An ideal gas has a density of \(0.0899 \mathrm{~g} / \mathrm{L}\) at \(20.00^{\circ} \mathrm{C}\) and \(101.325 \mathrm{kPa}\). Identify the gas.

Given density: \(0.0899 \mathrm{~g} / \mathrm{L}\) Temperature: \(20.00^{\circ} \mathrm{C}\) Pressure: \(101.325 \mathrm{kPa}\) First, let's convert the given values to the units compatible with the ideal gas law: 1. Convert density to \(\mathrm{kg/m^3}\): \(0.0899 \mathrm{~g} / \mathrm{L} \times 1000 \mathrm{~mg} / \mathrm{g} \times 1 \mathrm{~L} / 1000 \mathrm{~mL} = 89.9 \mathrm{~kg/m^3}\) 2. Convert temperature to kelvins (K): \(T_{K} = 20.00 + 273.15 = 293.15 \mathrm{K}\) 3. Convert pressure to pascals (Pa): \(101.325 \mathrm{kPa} \times 1000 \mathrm{~Pa} / \mathrm{kPa} = 101325 \mathrm{~Pa}\) Now we have the following values: Density: \(89.9 \mathrm{~kg/m^3}\) Temperature: \(293.15 \mathrm{K}\) Pressure: \(101325 \mathrm{~Pa}\)

The ideal gas law is written as \(PV = nRT\). We can rewrite the equation in terms of density and molar mass: \(n = m/M\), where m is the mass of the gas and M is the molar mass. \(m/V = \rho\), where \(\rho\) is the density of the gas. Therefore, \(\rho = nM/V\), and we can substitute this into the ideal gas law: \(P = \rho RT/M\)

Now, we will solve for the molar mass (M) using the given values for pressure, density, and temperature, as well as the ideal gas constant (R): \(M = \frac{\rho RT}{P} = \frac{89.9 \mathrm{~kg/m^3} \times 8.314 \mathrm{J} \cdot \mathrm{mol}^{-1} \cdot \mathrm{K}^{-1} \times 293.15 \mathrm{K}}{101325 \mathrm{~Pa}}\) \(M \approx 28.96 \mathrm{~g/mol}\)
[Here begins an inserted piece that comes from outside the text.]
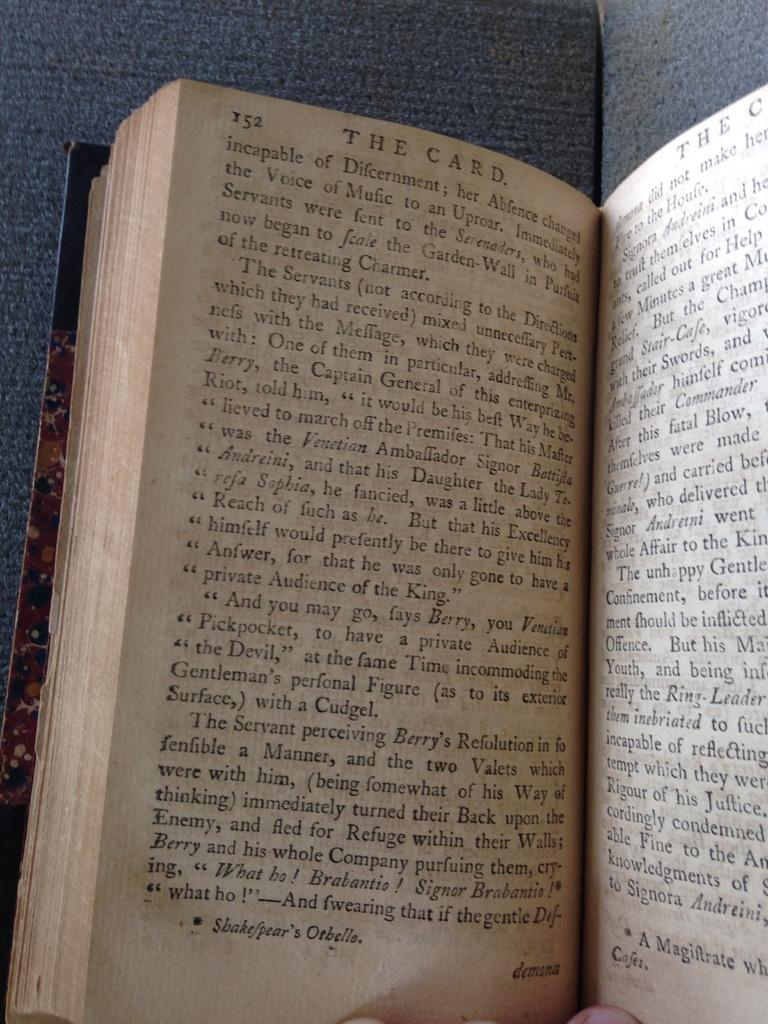<image>
Create a compact narrative representing the image presented. A person holding an open book called The Card.

Finally, we will identify the gas based on its molar mass. A gas with a molar mass of approximately \(28.96 \mathrm{~g/mol}\) is nitrogen (N₂), which has a molar mass of \(28.02 \mathrm{~g/mol}\). Our result is very close to the actual value, so it is reasonable to identify the gas as nitrogen (N₂).